# "Field Strip Technology" Part 2



## The Tourist (Jun 9, 2016)

When I first learned of this assembly, I had my doubts. I wondered if the blade would wobble at the worst possible time. As I said, I believe nine "FST" knives are now available, I bought three, one has some issues.

The first one from the left is a replacement Monashee. I'll admit, the first one was shipped to Annie. Oh, it is more than adequate as a slicer, but I doubt Annie will be cracking coconuts with hers. This second Monashee has a tighter build, and if she wants that one, I'll be happy to mail that one to her, as well.

Now for the treatise. I've reached the age (and like my father) where I will wear two differing socks if they make my feet feel comfortable in boots. I drive a 24 year old F-150, because if you're ever caught near an explosion, it's those 'ladder frame' Ford trucks that are going to save their owners. And while I'm confrontational, I wind up using 1960s slang that pussy millennials don't understand.

Having said that, I now carry different knives. Yes, yes, there a switchblade in one of my pockets, heck, there's a fire extinguisher in your house, tit for tat.

But I now carry "FST" knives. In fact, my wife and I are going to eat today at a restaurant with the little Prequel, this establishment does not offer knives to patrons. And without a doubt, the knife, the handles and the entire pivot will be soaked in gravy--and I could carry less.

And if I am ever trapped going to a building or a meeting that will not permit weapons, I'll lay down the automatic, and carry that knife at the far end, the first "FST" knife made, the "Homefront."

I need to cut things. The world is a chronic mess. I put Rossi Boot wax on my Tysons and I carry a knife that comes apart with no tools. I think the axis of the planet just shifted...


----------



## The Tourist (Jun 9, 2016)

My wife and I went to our favorite restaurant yesterday, and as usual, I asked to be seated in the section of my favorite server. I set out that Monashee folder to use to slice lunch, and the server admired it.

I'm beginning to feel guilty about the knives I've secured. I have everything I need and/or want.
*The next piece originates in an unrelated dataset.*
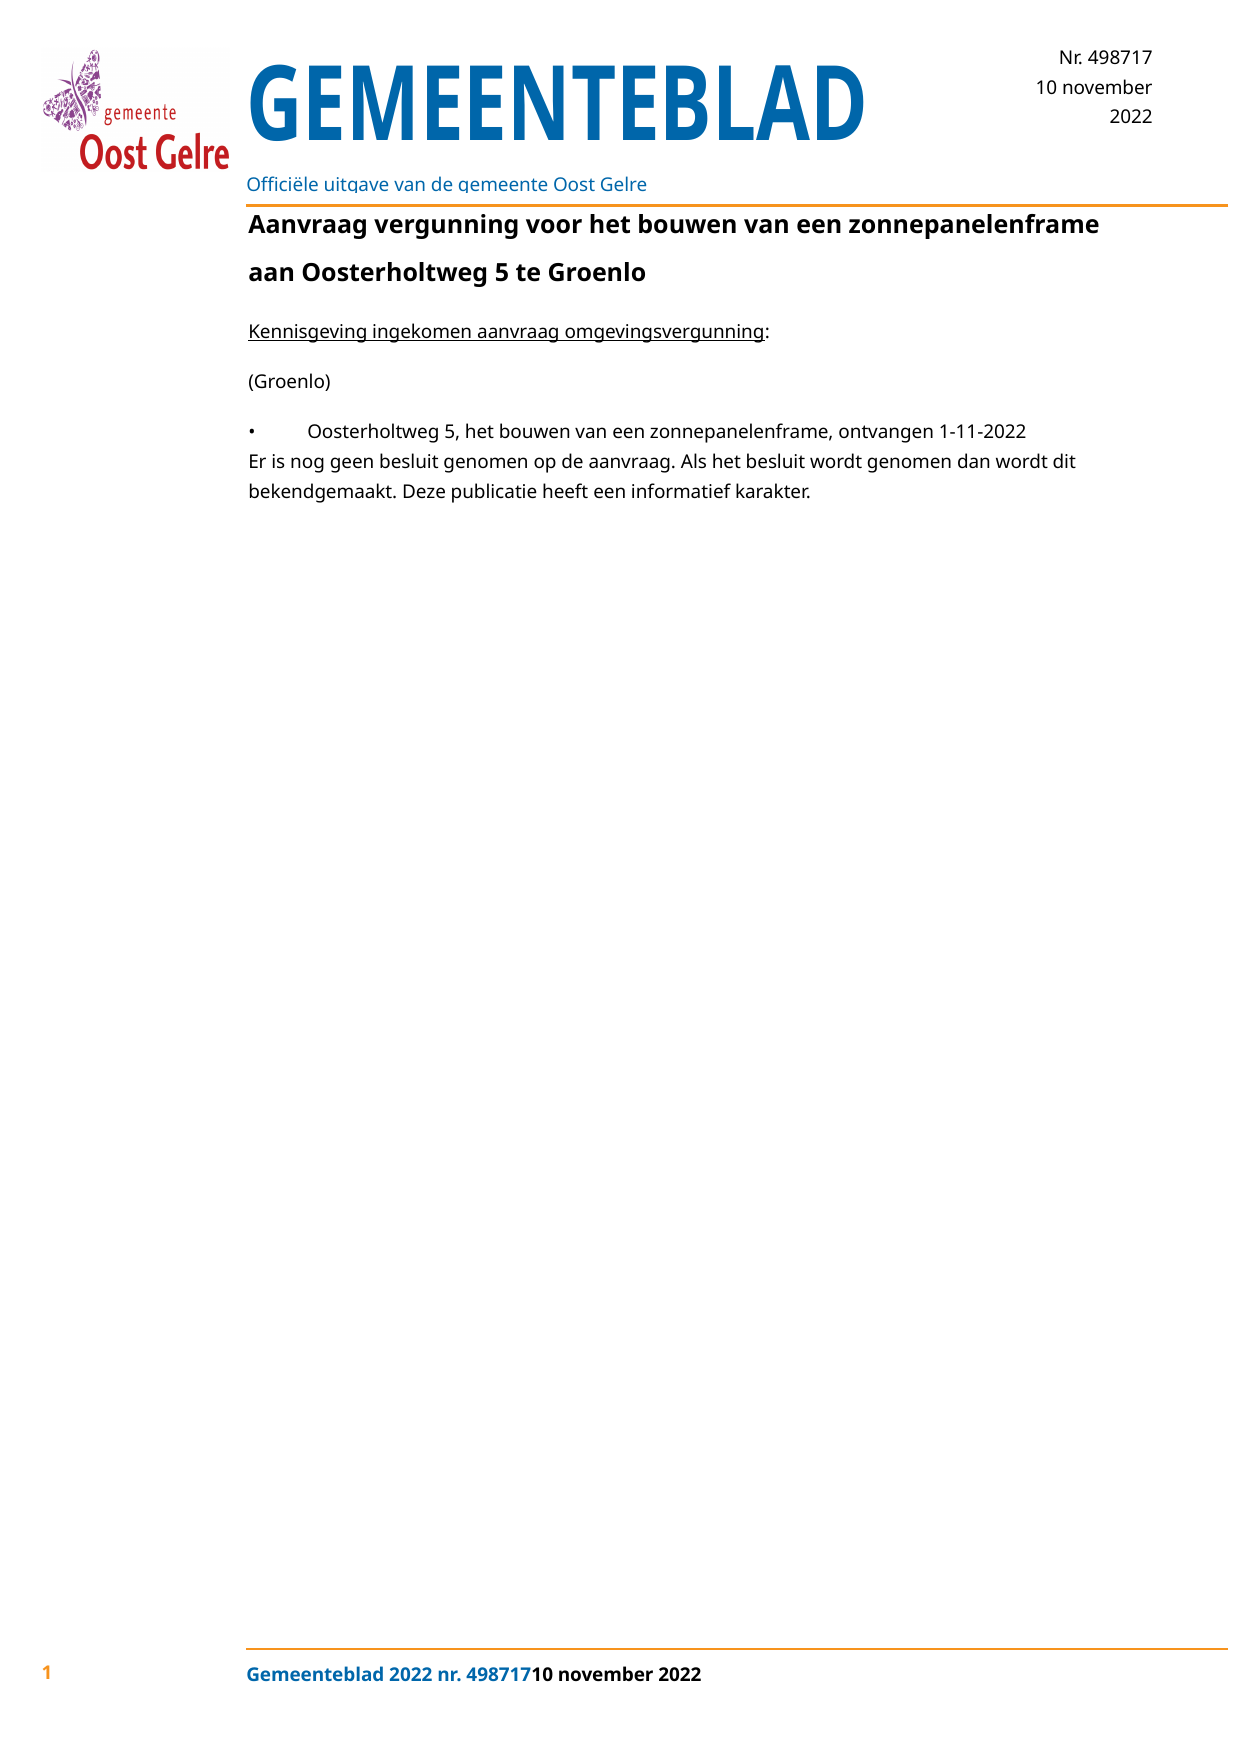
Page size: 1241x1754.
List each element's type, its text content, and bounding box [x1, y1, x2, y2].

As I wished to underline my gratitude of his service, I left him his usual tip, and gave him the Monashee.

Now I have four cheaper knives I got from my supplier which will be given to the bookstore's manager so his employees will have something decent to open incoming boxes. I also have three pristine "No Time Off" folders that are at the risk of gathering dust. They'll have to go.

BTW, I'm going to need a new hobby...


----------